ミステリー作品だが、ネタバレのレビューを書く。
未読の方はこのエントリーを読まないように。

さて、どうしてネタバレのレビューを書こうかと思ったかと言えば、最初から”犯人”がバレバレだからだ。粗筋を説明すると、主人公がいて、幼なじみ(ヒロイン)が交際を求めてくる。主人公はまったく身に覚えがないのだが、ヒロインは主人公の子供を妊娠しているというのだ。処女懐胎的な話なら萌えるかなと思ったのだが、残念ながら、そういう展開ではない。伏線として、最近主人公の兄が交通事故死しているという設定。この段階で、「身ごもっているのは、事故死した兄の子供なのでは」と多くの読者が思うはずだ。そしてその通りの結末なので、脱力。

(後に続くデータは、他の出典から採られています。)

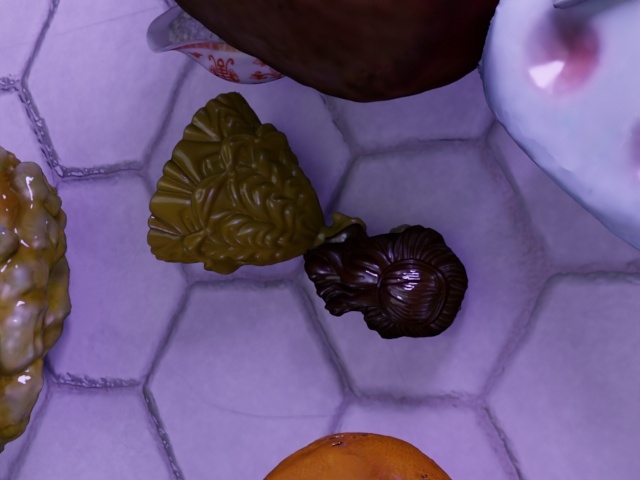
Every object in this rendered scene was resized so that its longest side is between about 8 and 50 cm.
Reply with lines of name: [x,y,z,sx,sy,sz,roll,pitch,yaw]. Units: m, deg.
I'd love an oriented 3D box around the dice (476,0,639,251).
dice: [0.309,-0.134,0.939,0.262,0.265,0.268,47,111,26]

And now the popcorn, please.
popcorn: [-0.425,0.051,1.411,0.274,0.279,0.335,160,129,-72]

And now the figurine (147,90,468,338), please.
figurine: [0.002,0.001,1.227,0.315,0.168,0.187,27,75,21]

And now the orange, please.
orange: [0.032,0.295,1.126,0.240,0.240,0.240,-2,86,34]

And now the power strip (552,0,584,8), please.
power strip: [0.192,-0.184,0.851,0.083,0.017,0.027,-19,76,30]

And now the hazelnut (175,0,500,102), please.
hazelnut: [0.033,-0.319,1.053,0.421,0.421,0.352,17,129,33]

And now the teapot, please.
teapot: [-0.056,-0.247,1.280,0.245,0.116,0.159,-35,58,9]

作者はエロゲライターだが、それは副業で、本業はサラリーマンらしい。文章に関しては、とても読みやすい。だが平板すぎて、まったく魅力がない。
ラノベの文章は(世間的に)平板で味気ないと思われがちだが、軽いながらも独特の魅力や味を持っているものだ。

この作品はミステリーではなく、ヤンデレ小説として読めばいいのかもしれない。「犯人」がバレバレなのは前提としてのホラーですね。
犯人バレバレなのを、もっと前面に出して、ヤンデレ少女が「あなたの子供を妊娠した」と迫ってくる怖さを中心にした方がよかったと思う。そういう側面もこの作品にはあるのだが、ミステリー(謎解き)とホラーが混ざって、半端なものになってしまった。どうせやるなら、もっと暴走すれば、いいヤンデレ小説になったのに。